▶ TASK REQUIREMENTS
For each line below that contains the string "with", copy that line.

Dataset items:
☆ ☆ ☆ ☆ ☆
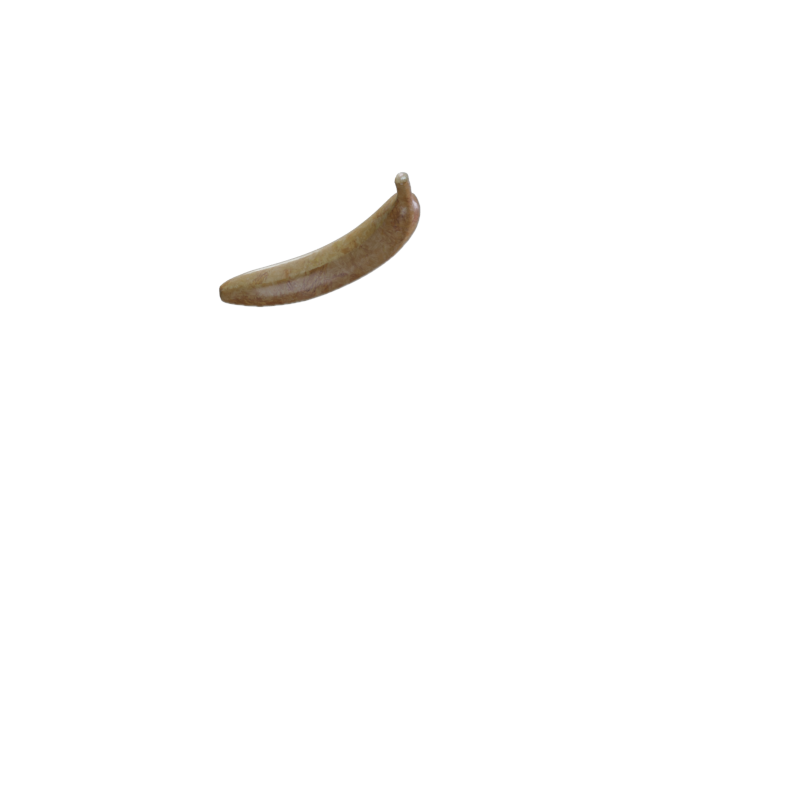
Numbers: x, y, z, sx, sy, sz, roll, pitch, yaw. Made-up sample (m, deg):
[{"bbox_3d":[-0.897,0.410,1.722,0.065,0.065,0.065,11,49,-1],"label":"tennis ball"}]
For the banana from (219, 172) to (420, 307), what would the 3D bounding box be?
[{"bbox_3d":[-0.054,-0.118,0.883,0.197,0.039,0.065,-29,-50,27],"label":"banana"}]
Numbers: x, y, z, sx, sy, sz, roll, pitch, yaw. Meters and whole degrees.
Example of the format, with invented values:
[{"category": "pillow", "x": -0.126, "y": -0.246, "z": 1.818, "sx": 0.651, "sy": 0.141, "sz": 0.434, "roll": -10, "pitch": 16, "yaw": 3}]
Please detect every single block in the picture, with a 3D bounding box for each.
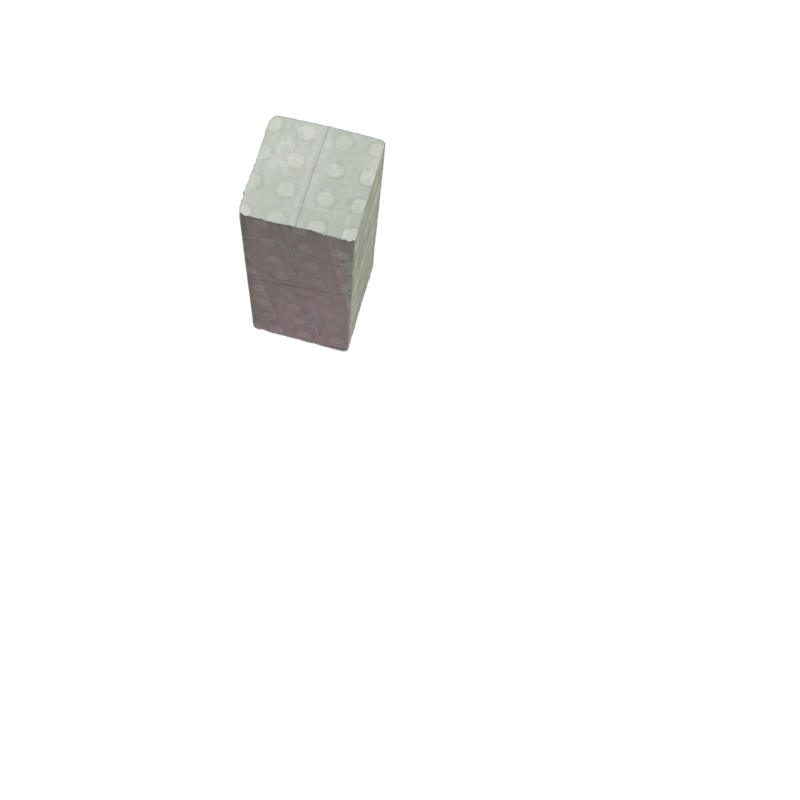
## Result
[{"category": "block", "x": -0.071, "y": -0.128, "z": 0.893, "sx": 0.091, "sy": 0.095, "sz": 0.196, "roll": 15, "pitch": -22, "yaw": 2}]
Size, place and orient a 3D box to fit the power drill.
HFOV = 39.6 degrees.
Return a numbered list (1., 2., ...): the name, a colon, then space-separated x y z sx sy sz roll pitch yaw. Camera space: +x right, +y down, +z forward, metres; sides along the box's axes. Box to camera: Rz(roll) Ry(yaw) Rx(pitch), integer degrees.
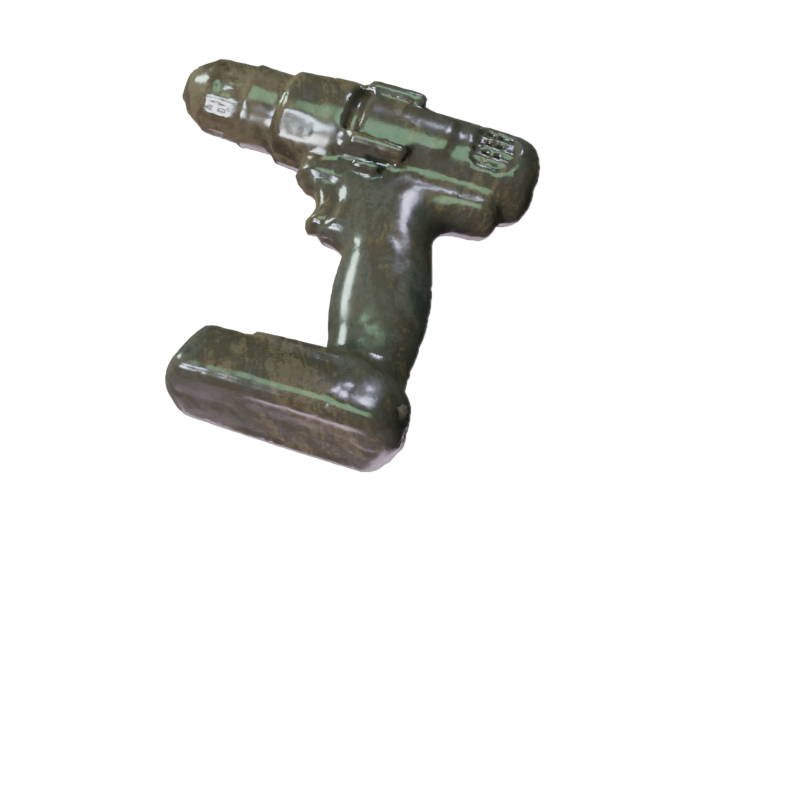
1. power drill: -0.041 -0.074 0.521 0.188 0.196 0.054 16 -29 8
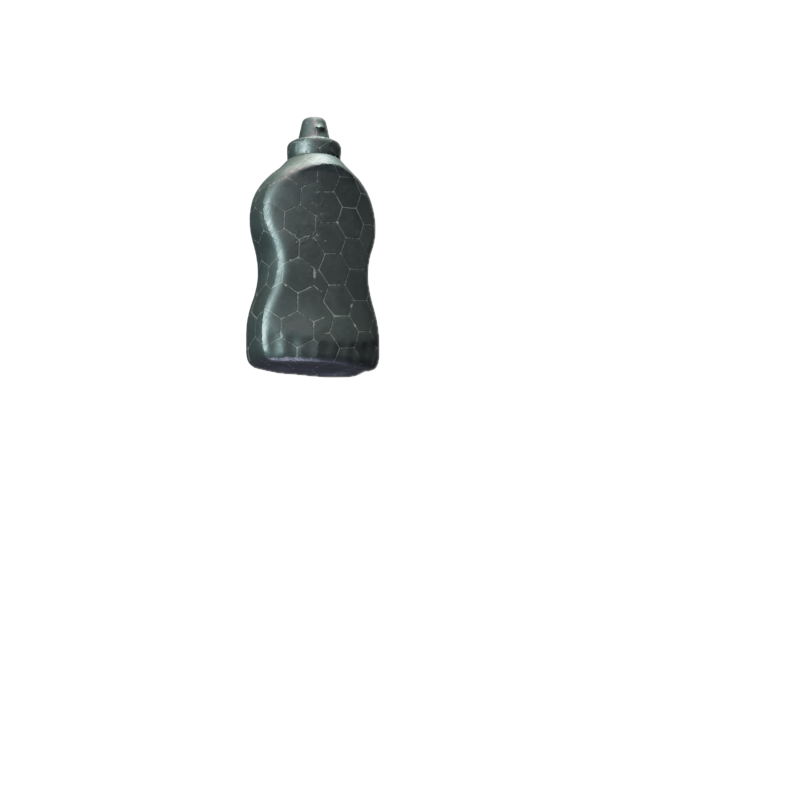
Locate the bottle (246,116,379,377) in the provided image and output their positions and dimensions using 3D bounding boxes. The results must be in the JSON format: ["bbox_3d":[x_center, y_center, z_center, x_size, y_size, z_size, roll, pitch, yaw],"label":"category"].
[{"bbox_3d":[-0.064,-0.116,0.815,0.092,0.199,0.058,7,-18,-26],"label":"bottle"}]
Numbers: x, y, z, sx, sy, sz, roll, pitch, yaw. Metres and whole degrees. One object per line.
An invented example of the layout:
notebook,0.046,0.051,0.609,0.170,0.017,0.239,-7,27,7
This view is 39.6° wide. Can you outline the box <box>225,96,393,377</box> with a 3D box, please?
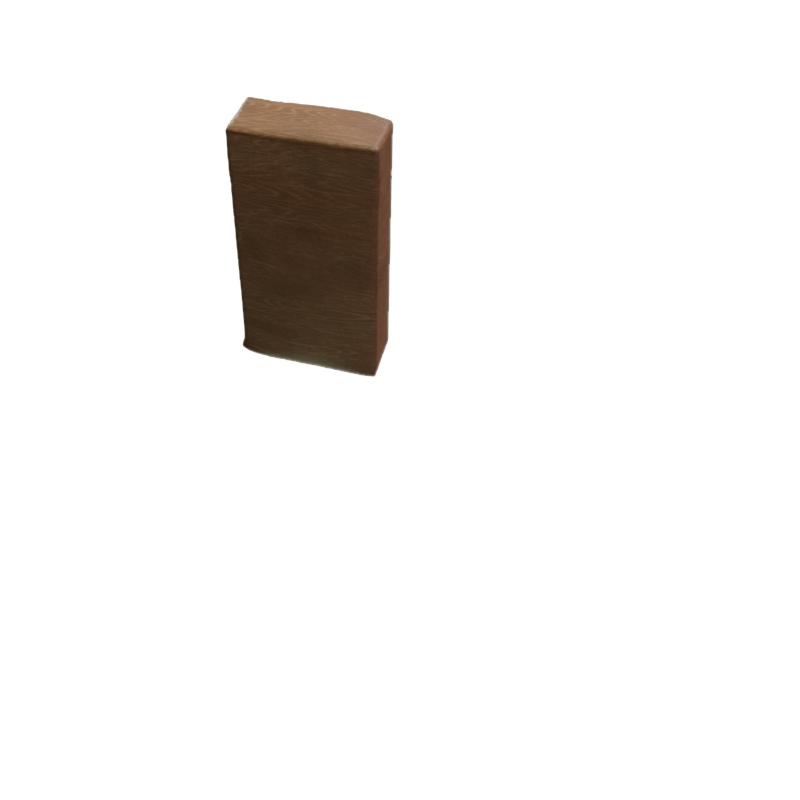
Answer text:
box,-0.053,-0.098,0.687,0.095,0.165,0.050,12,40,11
☆ ☆ ☆ ☆ ☆
▶ EXERCISE ANSWER
Example of the format, with invented values:
Please detect every single block in the picture, with a 3D bounding box for each.
This view is 39.6° wide. Can you outline the box <box>225,96,393,377</box> with a 3D box, please?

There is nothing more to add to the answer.